An intelligent privacy layer for AI APIs. Kiji automatically detects and masks personally identifiable information (PII) in requests to AI services, ensuring your sensitive data never leaves your control.
Built by 575 Lab - Dataiku's Open Source Office.
🎯 Why Kiji Privacy Proxy?
When using AI services like OpenAI or Anthropic, sensitive data in your prompts gets sent to external servers. Kiji solves this by:
- 🔒 Automatic PII Protection - ML-powered detection of 26 PII types (emails, SSNs, credit cards, etc.)
- 🎭 Seamless Masking - Replaces sensitive data with realistic dummy values before API calls
- 🔄 Transparent Restoration - Restores original data in responses so your app works normally
- 🚀 Zero Code Changes - Works as a transparent proxy with automatic configuration (PAC) on macOS
- 🌐 Browser-Ready - Automatic proxy setup for Safari, Chrome - no environment variables needed
- 🧩 Chrome Extension - Inline PII detection for ChatGPT, Claude, Gemini, and other AI chat sites (details)
- 🏃 Fast Local Inference - ONNX-optimized model runs locally, no external API calls
- 💻 Easy to Use - Desktop app for macOS, standalone server for Linux
Use Cases:
- Protect customer data when using ChatGPT for customer support
- Sanitize logs before sending to AI for analysis
- Comply with privacy regulations (GDPR, HIPAA, CCPA)

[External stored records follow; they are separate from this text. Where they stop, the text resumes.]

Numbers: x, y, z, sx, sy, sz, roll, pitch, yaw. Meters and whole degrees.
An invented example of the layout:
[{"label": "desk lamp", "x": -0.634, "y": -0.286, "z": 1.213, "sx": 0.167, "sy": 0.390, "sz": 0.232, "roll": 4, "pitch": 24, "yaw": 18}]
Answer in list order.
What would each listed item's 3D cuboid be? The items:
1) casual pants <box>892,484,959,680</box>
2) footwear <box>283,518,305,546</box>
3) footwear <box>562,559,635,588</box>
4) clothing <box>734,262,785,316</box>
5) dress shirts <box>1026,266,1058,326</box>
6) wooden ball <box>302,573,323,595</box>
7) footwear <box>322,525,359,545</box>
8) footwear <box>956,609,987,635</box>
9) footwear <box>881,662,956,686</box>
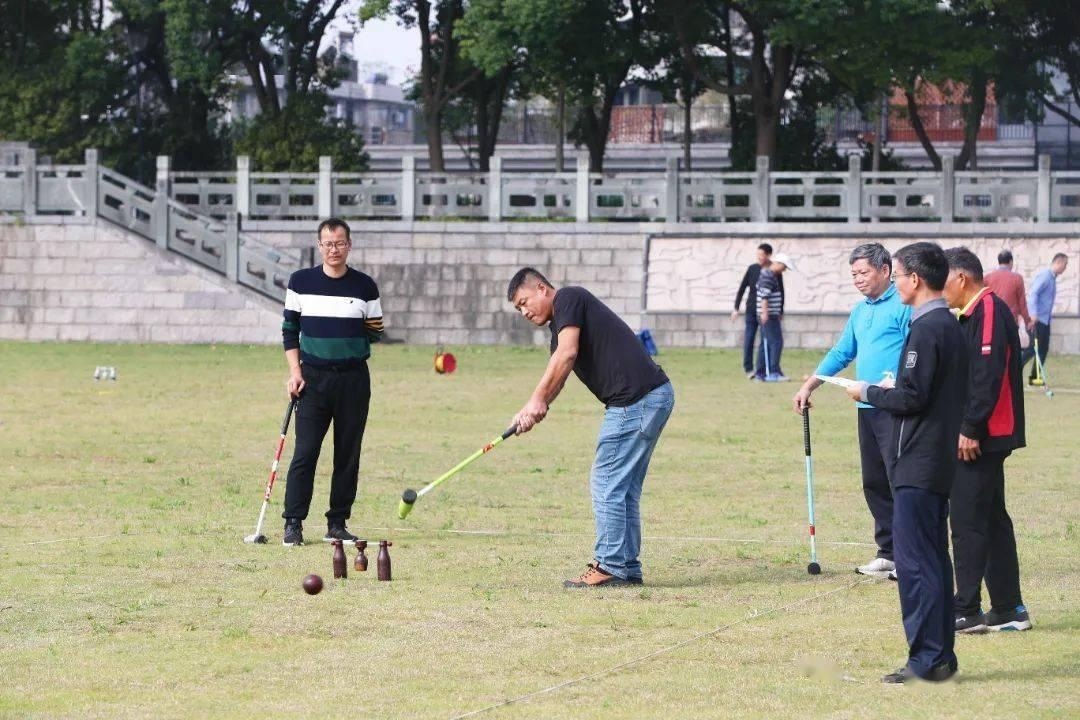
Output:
[{"label": "casual pants", "x": 5.838, "y": 3.329, "z": 38.993, "sx": 0.888, "sy": 2.847, "sz": 0.389, "roll": -1, "pitch": 2, "yaw": 9}, {"label": "footwear", "x": -4.138, "y": 2.786, "z": 41.918, "sx": 0.349, "sy": 0.452, "sz": 0.312, "roll": -1, "pitch": 2, "yaw": -6}, {"label": "footwear", "x": 0.903, "y": 3.413, "z": 40.949, "sx": 1.271, "sy": 0.449, "sz": 0.409, "roll": 2, "pitch": -6, "yaw": -2}, {"label": "clothing", "x": 4.625, "y": -1.469, "z": 54.150, "sx": 1.502, "sy": 1.442, "sz": 0.558, "roll": 1, "pitch": -5, "yaw": 4}, {"label": "dress shirts", "x": 10.422, "y": -1.265, "z": 53.021, "sx": 0.458, "sy": 0.900, "sz": 1.483, "roll": 2, "pitch": 6, "yaw": 23}, {"label": "wooden ball", "x": -3.625, "y": 3.490, "z": 40.155, "sx": 0.317, "sy": 0.293, "sz": 0.316, "roll": 2, "pitch": 1, "yaw": 0}, {"label": "footwear", "x": -3.333, "y": 2.854, "z": 41.900, "sx": 0.633, "sy": 0.240, "sz": 0.262, "roll": 0, "pitch": -3, "yaw": 16}, {"label": "footwear", "x": 6.727, "y": 4.082, "z": 39.908, "sx": 0.668, "sy": 0.275, "sz": 0.254, "roll": 3, "pitch": 0, "yaw": 28}, {"label": "footwear", "x": 5.754, "y": 4.722, "z": 38.922, "sx": 1.186, "sy": 0.419, "sz": 0.374, "roll": 1, "pitch": -11, "yaw": 1}]
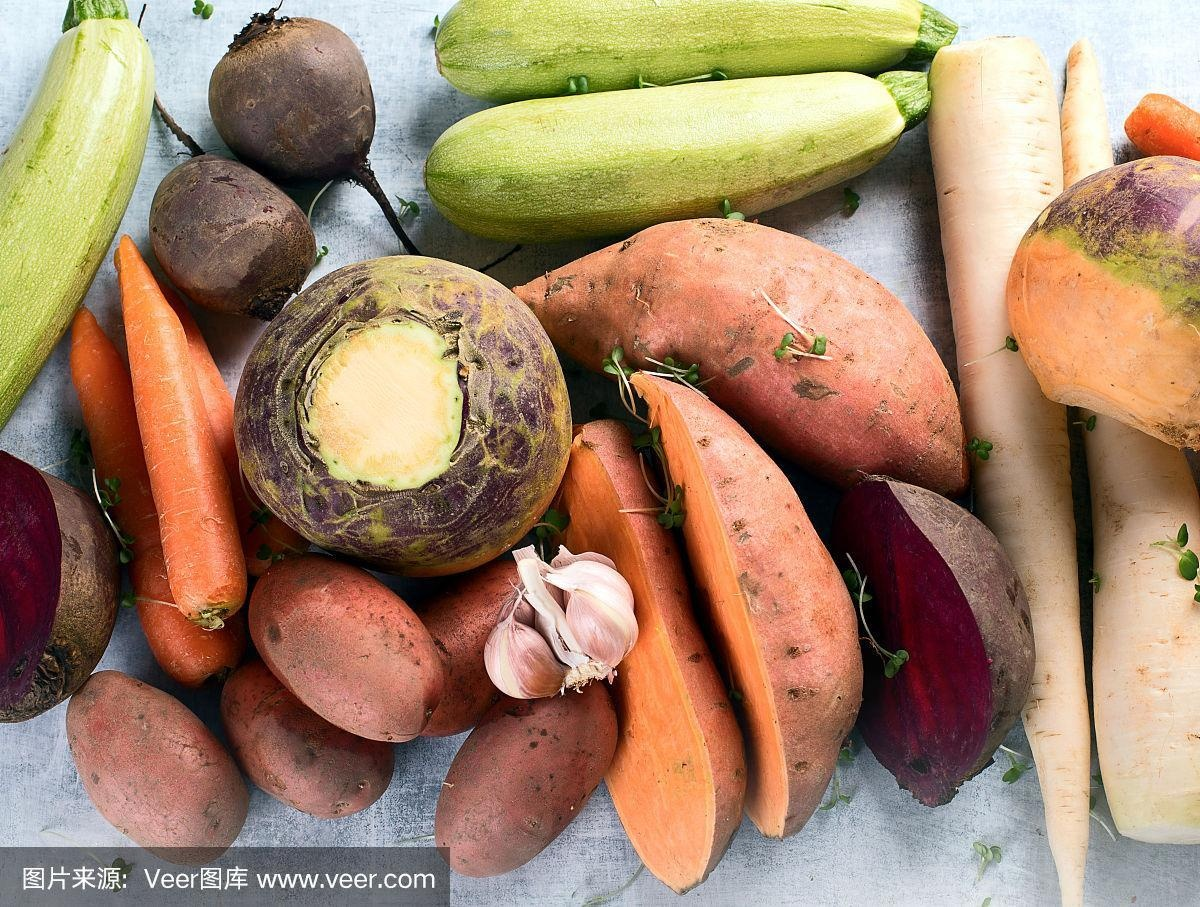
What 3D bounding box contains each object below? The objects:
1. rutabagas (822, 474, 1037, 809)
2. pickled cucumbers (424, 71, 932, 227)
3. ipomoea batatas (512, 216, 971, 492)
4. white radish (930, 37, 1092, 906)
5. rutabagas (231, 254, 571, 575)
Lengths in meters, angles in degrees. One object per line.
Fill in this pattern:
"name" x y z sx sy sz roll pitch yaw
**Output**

- Prevent accidental data leaks in development/testing
⚡ Quick Start
For Users
macOS (Desktop App):
# Download from releases # https://github.com/dataiku/kiji-proxy/releases # Install open Kiji-Privacy-Proxy-*.dmg # Drag to Applications folder
Linux (Standalone Server):
# Download and extract wget https://github.com/dataiku/kiji-proxy/releases/download/vX.Y.Z/kiji-privacy-proxy-X.Y.Z-linux-amd64.tar.gz tar -xzf kiji-privacy-proxy-X.Y.Z-linux-amd64.tar.gz cd kiji-privacy-proxy-X.Y.Z-linux-amd64 # Run ./run.sh
Test It:
macOS (with automatic PAC):
# Start with sudo for automatic browser configuration sudo "/Applications/Kiji Privacy Proxy.app/Contents/MacOS/kiji-proxy" # Open browser - requests to api.openai.com automatically go through proxy! # No configuration needed for Safari/Chrome # For CLI tools, set environment variables: export OPENAI_API_KEY="sk-..." export HTTP_PROXY=http://127.0.0.1:8081 export HTTPS_PROXY=http://127.0.0.1:8081 curl https://api.openai.com/v1/chat/completions \ -H "Content-Type: application/json" \ -H "Authorization: Bearer $OPENAI_API_KEY" \ -d '{ "model": "gpt-4", "messages": [{"role": "user", "content": "My email is john@example.com"}] }'
Linux (manual proxy configuration):
# Set environment variables export OPENAI_API_KEY="sk-..." export HTTP_PROXY=http://127.0.0.1:8081 export HTTPS_PROXY=http://127.0.0.1:8081 curl https://api.openai.com/v1/chat/completions \ -H "Content-Type: application/json" \ -H "Authorization: Bearer $OPENAI_API_KEY" \ -d '{ "model": "gpt-4", "messages": [{"role": "user", "content": "My email is john@example.com"}] }'
What happens:
# Check logs - "john@example.com" was masked before sending to OpenAI # Response contains the original email (restored automatically)
For Developers
# Clone and setup git clone https://github.com/dataiku/kiji-proxy.git cd kiji-proxy # Install dependencies make electron-install make setup-onnx # Run with debugger (VSCode) # Press F5 # Or run directly make electron
See full documentation: docs/README.md
✨ Key Features
- 26 PII Types Detected - Email, phone, SSN, credit cards, addresses, URLs, and more
- ML-Powered - DistilBERT transformer model with ONNX Runtime (model, dataset)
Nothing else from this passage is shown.